We're now trying to figure out a different model though in which you would somehow sort the domain tree (no longer a binary search tree) in a method that you would have an uneven distribution of users (more likely) and the highest user lists would sit on the top of the tree. Can't quite figure how you'd transverse this list though.
This seems hard, unnecessarily complicated, and not necessarily an improvement to efficiency.
I think your best solution is to just change your sorting algorithm. Sort by the domain name first. For example, you might represent your email addresses as:
Code:
struct email_addr {
std::string domain;
std::string name;
bool operator<(const email_addr& foo) {
return (domain < foo.domain) || (domain == foo.domain && name < foo.name);
}
};
Then you can efficiently find the first email address with that domain name. To find all email addresses with the domain name, just find the first and then iterate forward until you get a different domain name.
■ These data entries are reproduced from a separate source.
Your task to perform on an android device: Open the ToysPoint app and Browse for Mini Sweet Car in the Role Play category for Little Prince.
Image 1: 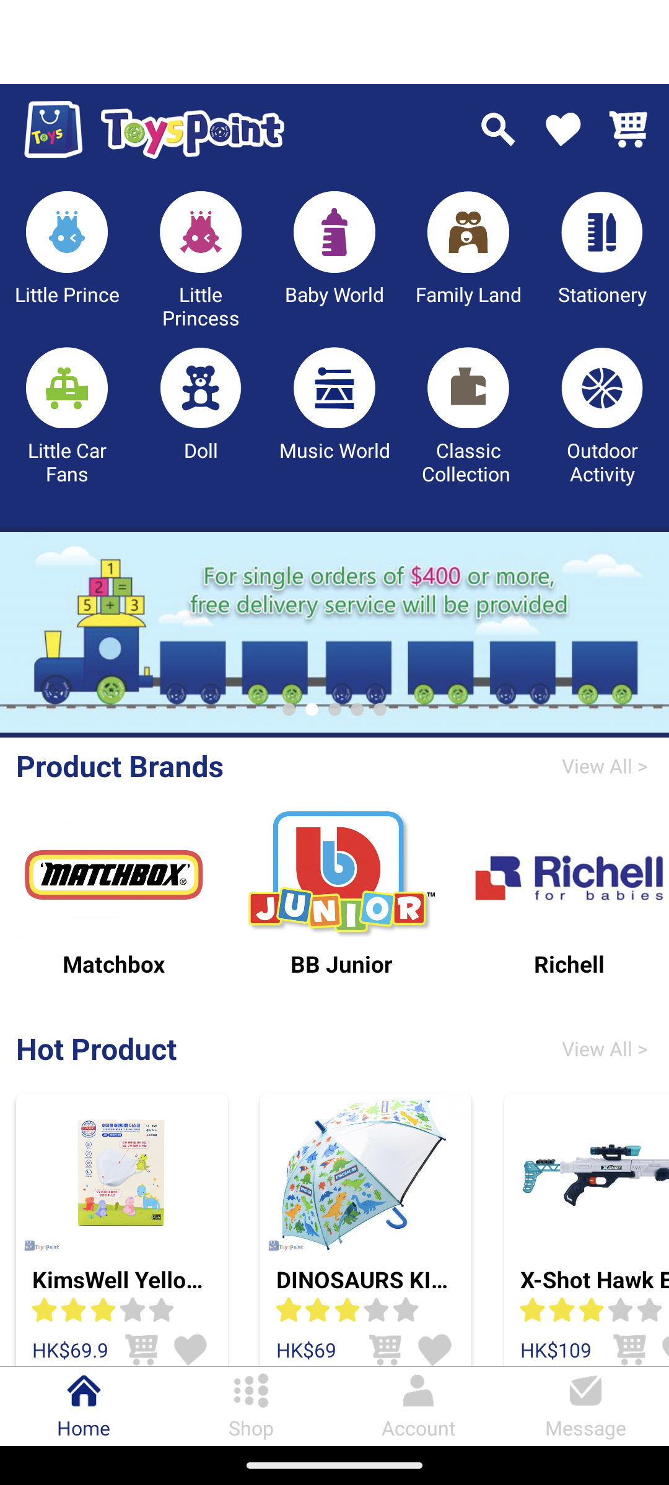
Go to the Little Prince section
Step 1: click (67, 232)
Image 2: 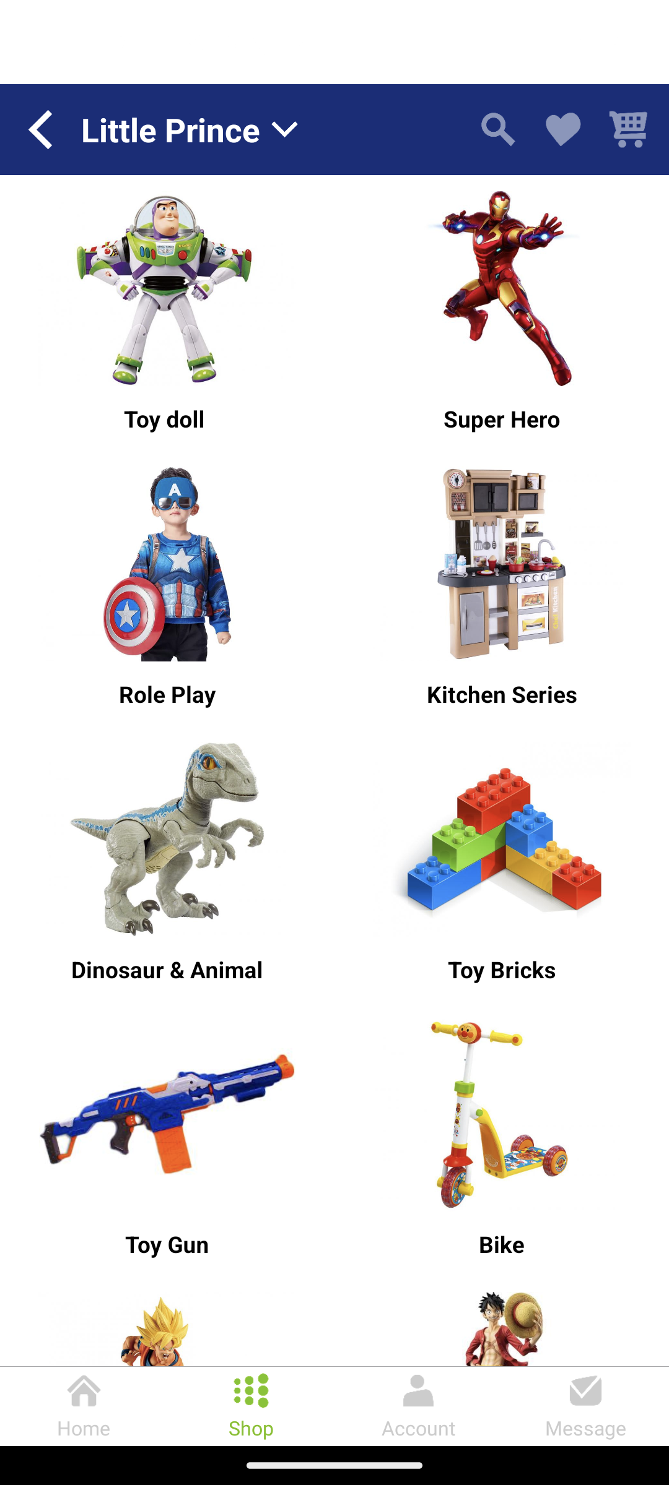
Click on the Role Play Category
Step 2: click (167, 563)
Image 3: 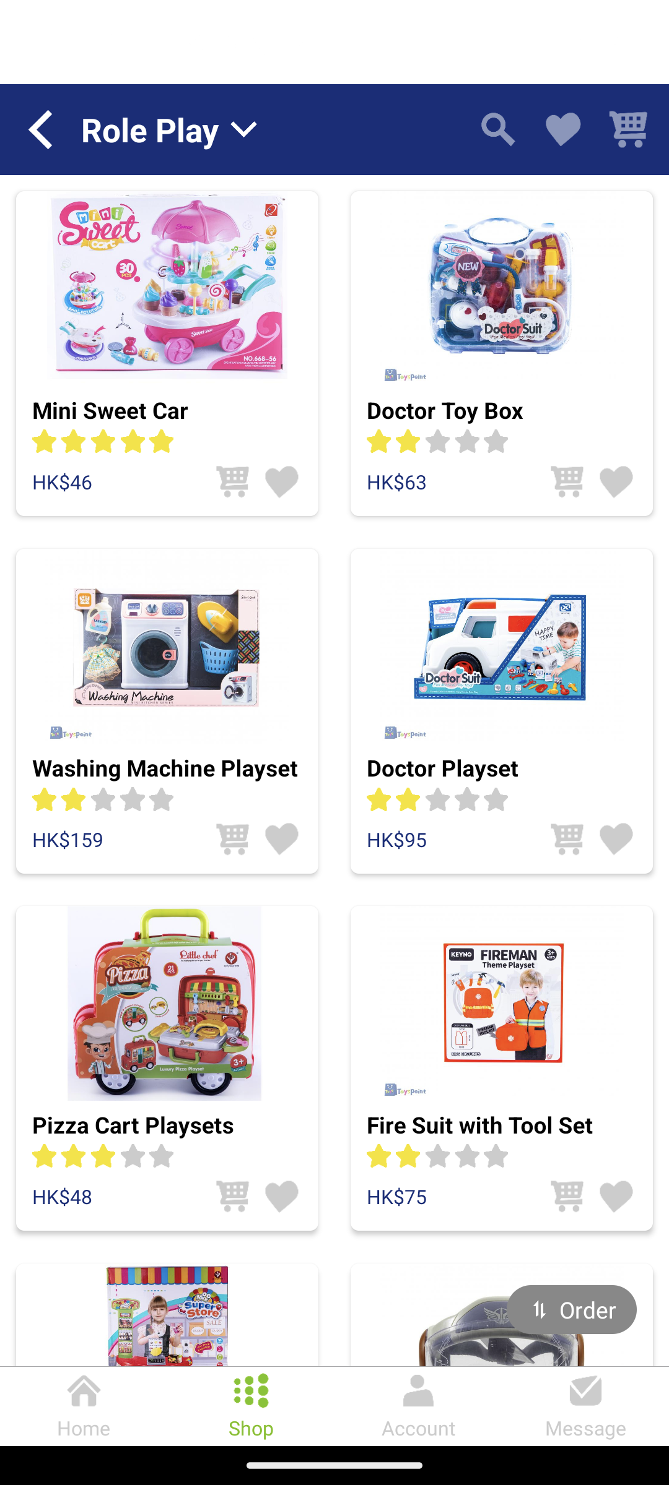
Open the Mini Sweet Car
Step 3: click (167, 353)

This gives the same order of efficiency as the datastructure you're proposing, assuming that iterating is on average O(1) operation.
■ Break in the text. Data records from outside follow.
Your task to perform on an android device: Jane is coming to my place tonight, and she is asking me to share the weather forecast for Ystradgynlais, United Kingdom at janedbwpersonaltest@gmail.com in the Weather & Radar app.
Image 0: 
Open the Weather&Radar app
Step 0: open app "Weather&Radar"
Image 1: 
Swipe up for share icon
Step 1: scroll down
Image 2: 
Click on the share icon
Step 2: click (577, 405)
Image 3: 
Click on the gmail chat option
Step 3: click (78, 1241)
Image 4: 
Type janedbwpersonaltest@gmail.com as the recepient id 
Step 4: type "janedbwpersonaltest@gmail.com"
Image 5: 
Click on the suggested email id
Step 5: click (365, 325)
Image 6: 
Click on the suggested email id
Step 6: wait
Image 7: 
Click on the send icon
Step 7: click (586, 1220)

One caveat with this approach is that you're storing a lot of redundant domain names. If this is really important to you, you could always use a pointer to a string, and then, on insertion, check neighboring nodes to see if the domain name is redundant or not, and on deletion, check neighboring nodes to see if you need to free the pointer. Not fun. And depending on the implementation of std::string, that's probably not the best solution.
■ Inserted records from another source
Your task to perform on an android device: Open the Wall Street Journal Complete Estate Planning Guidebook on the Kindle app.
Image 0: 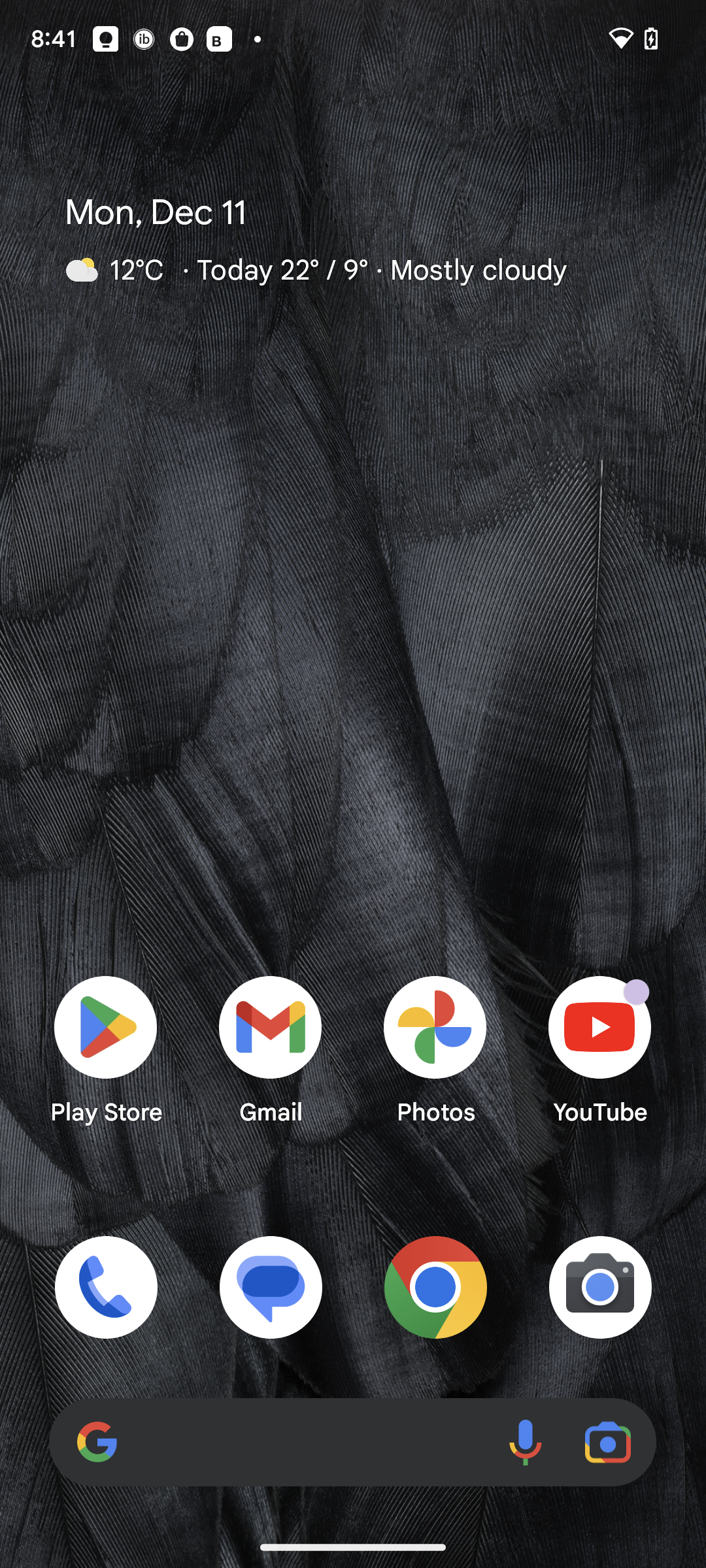
Open the Kindle app.
Step 0: open app "Kindle"
Image 1: 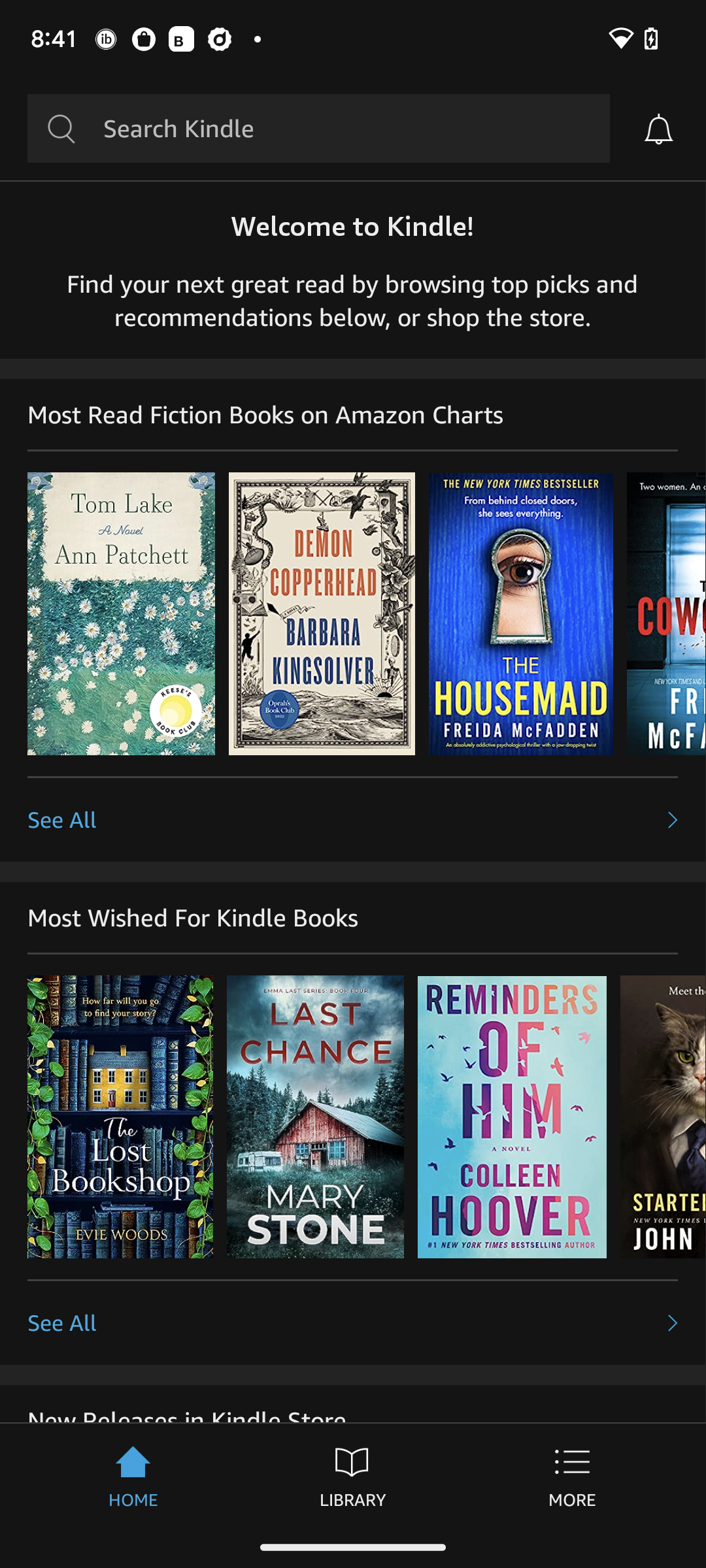
Click on the search bar at the top of the screen.
Step 1: click (178, 128)
Image 2: 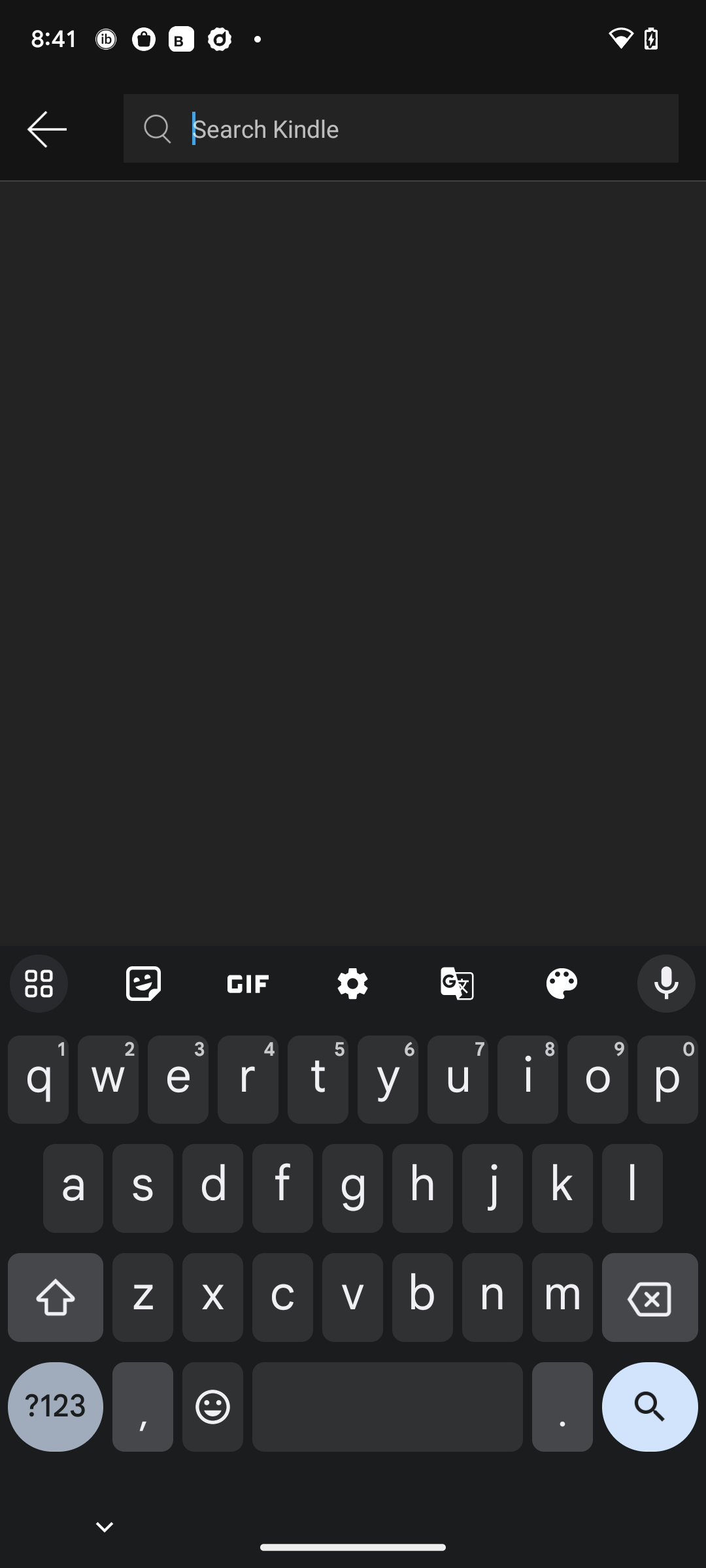
Type the wall street journal in the search bar.
Step 2: type "the wall street journal"
Image 3: 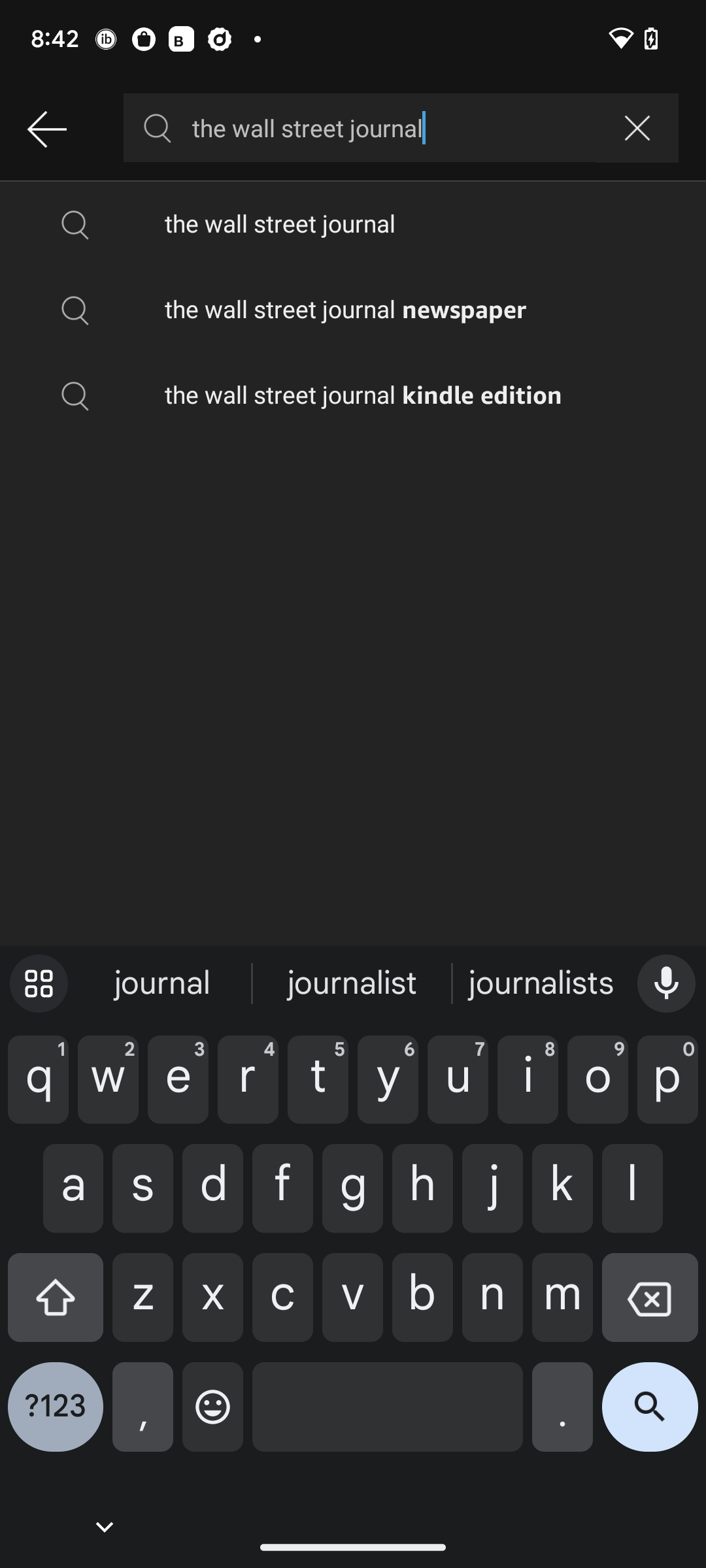
Click on the search icon at the bottom right corner of the screen.
Step 3: click (650, 1417)
Image 4: 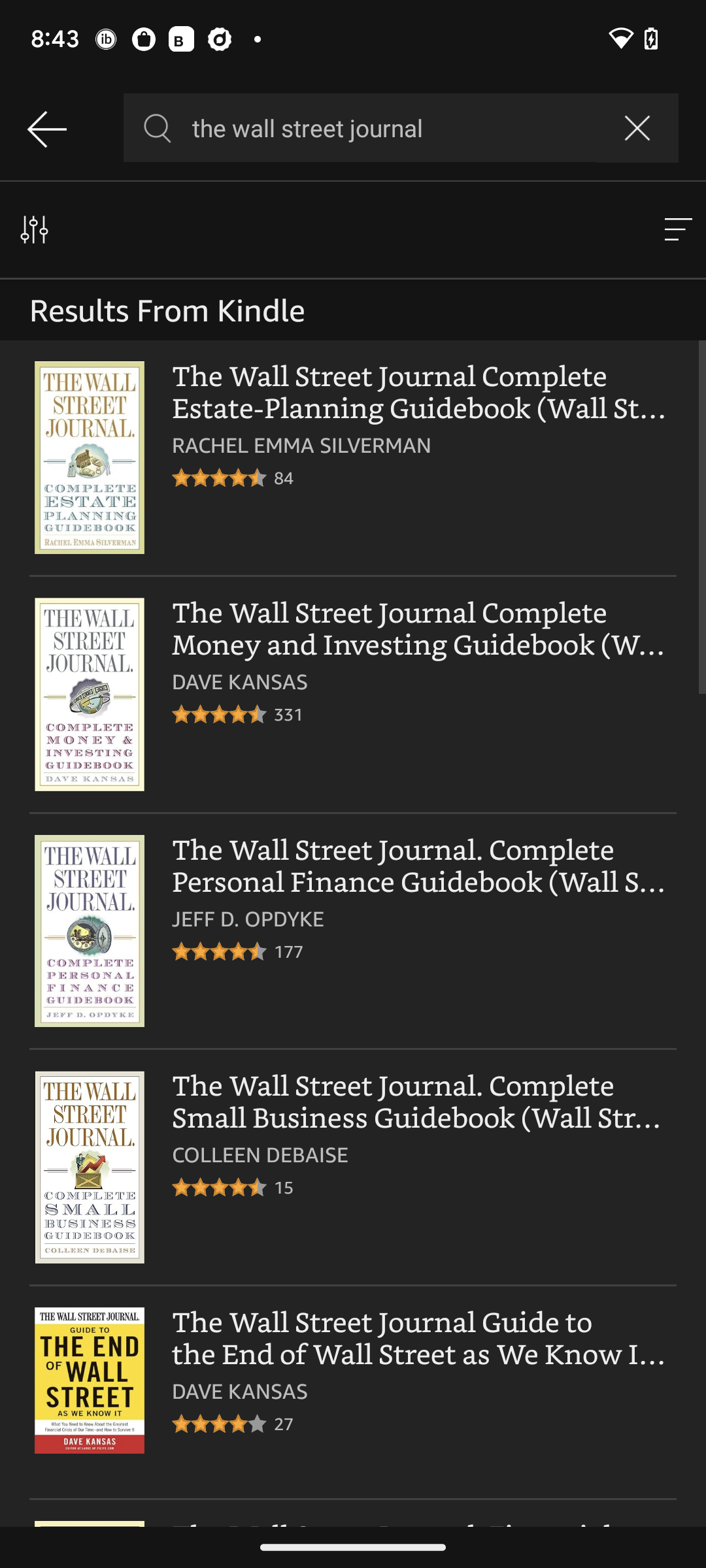
Click on the first image on the left side of the screen.
Step 4: click (353, 459)

In fact, ignore everything I've said up to this point.
It's probably simplest to just use an algorithm that rotates a string about the at sign. Pardon any incorrect C++ (with templates); I'm kind of rusty.
Code:
template <class iter, class value_type>
bool rotate_about(iter beg, iter end, value_type ch) {
iter pivot
= std::find(beg, end, ch);
if (pivot == end) {
return false;
}
std::reverse(beg, pivot);
std::reverse(pivot + 1, end);
std::reverse(beg, end);
return true;
}
Call rotate_about(s.beg(), s.end(), '@') before inserting email addresses (or call some equivalent procedure), and then use ordinary string comparison, with an ordinary std::set. You can use myset.lower_bound(domain) to get the first domain name, and then iterate forward to get further email addresses with that domain name. If you want to search just by user names of a particular domain name, you'll have to do it by constructing a string with the domain name, first.